Providing an example:
I believe the best way to verify how the roots of the characteristic equation relates to covariance stationarity of the time-series process, is through an example in the form of an AR(1) process. In a vague sense, using the lag-operator in order to obtain the characteristic equation, offers a transformation of the Autoregressive process that eases the examination of stationarity (simply by checking whether the characteristic roots are outside the unit circle). This makes it easier to check stationarity when dealing with AR(p) processes for large $p$-values.
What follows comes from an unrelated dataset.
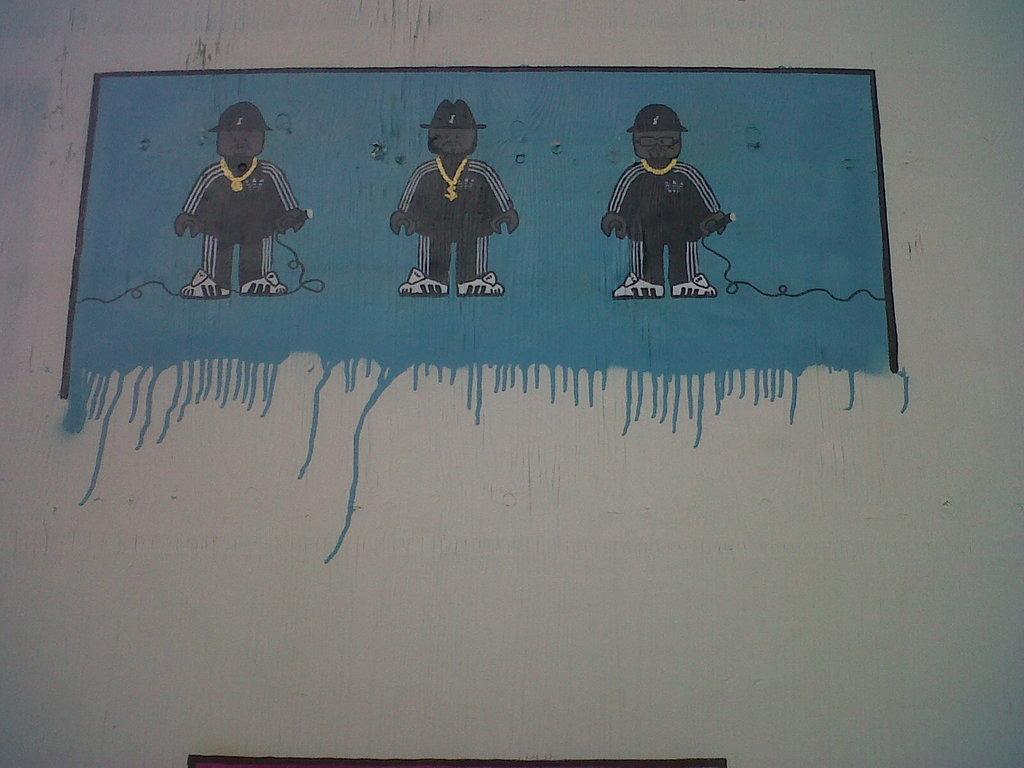Can you describe this image briefly? In this image I can see the white colored surface and on it I can see the painting of three persons standing which is black, white and blue in color.

The definition of covariance stationarity for a process is satisfied when the first and second moment exists and are time-invariant. Let us consider an AR(1) process on the form:
$$y_t = \phi y_{t-1} + \varepsilon_t, \qquad \varepsilon_t \sim WN(\mu,\sigma^2),$$
where $\varepsilon_t$ is a Gaussian distributed white-noise process (Gaussianity is an arbitrary assumption, however it is often used for a white-noise process) with constant mean and variance. Using the lag-operator ($L$), we can re-define the process as:
$$y_t-\phi y_{t-1}=\varepsilon_t \quad \Rightarrow (1-\phi L)y_t = \varepsilon_t.$$
In general, the time-series process is stationary if the roots of the characteristic equation ($1-\phi_1 z - \cdots-\phi_p z^p=0$) have a value greater than 1, $|z|>1$ , and thus lie outside of the unit circle (see this link). Related to our example, we can find the characteristic root by solving for $z$ in the characteristic equation ($1-\phi z=0$):
$$|z|=\bigg|\frac{1}{\phi}\bigg| >1 \qquad \iff \qquad |\phi|<1$$
Thus ensuring stationarity in the AR(1) process is equivalent with keeping $|\phi| < 1$ or $-1<\phi <1$. We can verify whether this is true, by calculating the moments of the AR(1) process and observing the parameter restrictions to ensure weak stationarity.
Calculating the mean:
\begin{align*}
y_t &= \phi y_{t-1} + \varepsilon_t\\
&= \phi (\phi y_{t-2} + \varepsilon_{t-1}) + \varepsilon_t\\
&= \phi^2 y_{t-2} + \phi \varepsilon_{t-1} + \varepsilon_{t}\\
&\: \: \vdots\\
&= \sum_{i=0}^{\infty} \phi^{i} \varepsilon_{t-i}
\end{align*}
$$\mathbb{E}\left[y_t\right]= \sum_{i=0}^{\infty} \phi^{i} \mathbb{E}\left[\varepsilon_{t-i}\right] = \sum_{i=0}^{\infty} \phi^{i} \mu = \frac{\mu}{1 - \phi}, \qquad \phi \neq 1$$
implying that $\phi \neq 1$ in order for the first moment to be defined.
Calculating the variance:
\begin{align}
\mathbb{V}ar(y_t)&= \phi^2 \mathbb{V}ar(y_{t-1}) + \sigma^2 \\
&= \phi^2 \left(\phi^2 \mathbb{V}ar(y_{t-2}) + \sigma^2\right) + \sigma^2\\
&= \phi^4 \mathbb{V}ar(y_{t-2}) + \phi^2 \sigma^2 + \sigma^2\\
& \: \: \vdots \\
&= \sum_{i=0}^{\infty} \phi^{2i} \sigma^2\\
&= \frac{\sigma^2}{1-\phi^2}, \qquad |\phi^2|<1.
\end{align}
This further implies that $|\phi|<1$ and conclusively $|1/z|<1 \iff |z|>1$ in order for the variance to be defined.
The autocovariance:
Calculating the autocovariance for each $k\geq 0$ we can observe a pattern:
\begin{align*}
\gamma(1) &= \mathbb{C}ov\left[y_t, y_{t-1}\right] = \mathbb{Cov}\left[(\mu + \phi y_{t-1} + \varepsilon_t), y_{t-1}\right] = \phi \mathbb{C}ov\left[y_{t-1}, y_{t-1}\right] = \phi\mathbb{V}ar(y_t)\\
\gamma(2) &= \mathbb{Cov}\left[(\mu + \phi y_{t-1} + \varepsilon_t), y_{t-2}\right] = \phi \mathbb{Cov}\left[y_{t-1}, y_{t-2}\right] = \phi \gamma(1) = \phi^2 \mathbb{V}ar(y_t)\\
& \: \: \vdots\\
\gamma(k) &= \phi^k \gamma(0) = \phi^k \mathbb{V}ar(y_t)
\end{align*}
where I've used the fact that the white-noise process is independent of the past lags of $y_t$. Therefore, the autocovariance needs to satisfy the same conditions restricted upon the variance in order exist.
In conclusion, we observe that $|\phi|<1$ and thus $|z|>1$ in order for the moments to exist and conclusively satisfy covariance stationarity for $y_t$.